At the end of each module every student has the opportunity to complete an evaluative module feedback questionnaire. This reflects the general principle that students' learning needs to be supported by ensuring that curriculum design is appropriate to their various needs at the point of entry and that it helps them to maximise their potentials by the time that they complete the programme. The questionnaire is one mechanism used for checking on quality and appropriateness. However students are also consulted and involved in the running of their joint programme in other ways: there are programme questionnaires to supplement those for individual modules; there are open, staff-student liaison committees; students are represented at the relevant Programme Committees and in School committees. Through these procedural devices, students are consulted on such issues as the successful running of the programme and changes to the curriculum, with the results of this process feeding into Module and Programme Review. To close the loop there are also reports back to the student body on actions taken in response to their comments, through general announcements in taught sessions, or on the e-Learning portal, through the various committees and through the course representatives.

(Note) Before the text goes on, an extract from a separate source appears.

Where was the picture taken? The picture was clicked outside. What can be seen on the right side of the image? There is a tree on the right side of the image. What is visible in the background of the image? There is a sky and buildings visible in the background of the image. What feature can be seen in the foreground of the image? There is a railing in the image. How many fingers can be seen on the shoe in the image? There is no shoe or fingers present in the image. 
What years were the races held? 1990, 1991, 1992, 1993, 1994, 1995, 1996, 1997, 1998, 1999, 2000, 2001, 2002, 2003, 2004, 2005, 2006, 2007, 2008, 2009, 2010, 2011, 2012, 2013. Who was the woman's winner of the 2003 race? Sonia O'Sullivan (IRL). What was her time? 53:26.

Student guidance and academic support to students is provided via Guidance Tutors and academic tutors. Guidance Tutorials enable students to plan and record their academic progress, skills and achievements throughout their course in a structured manner, using progress files. They also support the planning of assessed work, option selection and provide feedback. The University also runs a professional Counselling Service which is available to students either by direct approach, or upon referral from their Guidance Tutor, details are made available to staff in the Guidance Tutor Handbook. All academic staff are expected to operate in compliance with the University's published Duty of Care policy; this includes appropriate professional codes of conduct in dealings with students and such procedures as monitoring of attendance at seminars.

The City campus has open access computer facilities which are available to students during non-teaching hours. The School also offers students access to computers in the Lipman building and in its learning café. Students have 24-hour access to library catalogues (including the City and Robinson libraries), electronic databases and periodicals. The division also provides support for student learning via the e-learning portal which includes relevant documentation (e.g. Student Handbook, Module Guides), lecture material where appropriate, reading lists, staff contact details, discussion boards for staff and students, and notices relevant to the day to day running of the course. In addition, students have access to the well-stocked visual resources collection located in the School of Arts & Social Sciences.

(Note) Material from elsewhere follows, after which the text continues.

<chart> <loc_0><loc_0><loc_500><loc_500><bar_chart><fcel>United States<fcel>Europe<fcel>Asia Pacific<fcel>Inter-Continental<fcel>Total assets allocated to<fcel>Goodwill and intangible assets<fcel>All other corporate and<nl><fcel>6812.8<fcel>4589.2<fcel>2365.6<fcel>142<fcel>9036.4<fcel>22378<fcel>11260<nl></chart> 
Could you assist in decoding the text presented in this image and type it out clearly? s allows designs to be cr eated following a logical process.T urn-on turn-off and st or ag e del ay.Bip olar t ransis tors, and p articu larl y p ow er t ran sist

During the second year joint honours students in History undertake the Planning of a Cultural Heritage Project in order to gain an awareness of the contexts in which the techniques of historical study can be applied professionally. Opportunities to plan and think about future employment are also provided through the guidance tutor and using the Personal Development File. Students are introduced to and encouraged to make use of the University Careers Service which also offers guidance on interview techniques, preparing a C.V., job applications and job searches. Additionally, the Careers Service offers targeted careers sessions for historians and an annual Careers Fair for students.

A joint honours graduate in History is in a strong position to enter a variety of professions. Graduates demonstrate a repertoire of competencies and skills as articulate individuals who have been encouraged to consider, summarise and present difficult issues in a rigorous fashion. To date, graduates have gained employment in (for example) public administration, management, teaching, lecturing and research, public relations, the Civil Service, retailing and the business world.

Learning Outcomes of Programme Identify the learning outcomes from the joint subject programme specifications which are relevant here (give reference). Add learning outcomes specific to this joint programme. These should be specified in terms of performance capabilities to be shown on completion of the programme and aligned with the joint aims specified in section 10 above.

  1. Knowledge and Understanding

On successful completion of the History component of the joint programme, students will have demonstrated knowledge and understanding of:

  1. historical change and continuity

  2. the uses and deployment of diverse types of historical evidence, methods, concepts and perspectives

  3. problematic historiographical aspects of historical enquiry.

  4. current debates surrounding the nature of the inter-relationship between History and other related subjects in the Humanities and Social Sciences

  1. Intellectual Skills

On successful completion of the History component of the joint programme students will have demonstrated an ability to:

  1. engage constructively with documentary texts and discuss their content, context and implications.

  2. construct and present independent historical judgements and arguments.

  3. appreciate the importance of theory, concepts and hypotheses in the study of past societies.

  4. engage with current debates in, and construct reasoned responses to, the inter-disciplinary approach to historical explanation

  1. Practical Skills

At the end of the History component of the joint programme, students will be able to:

  1. manage study time and work to deadlines.

  2. show note-taking, bibliographic and information retrieval skills to scholarly standards.

  3. gather, sift, select, organise and critically evaluate large and varied amounts of data/material.

  4. use electronic learning resources to a competent standard in information gathering, research and analysis.

  1. Transferable/Key Skills

At the end of the History component of the joint programme, students will be able to:

  1. think critically and analytically.

  2. handle and apply concepts.

  3. work independently and effectively and have confidence in their own judgements.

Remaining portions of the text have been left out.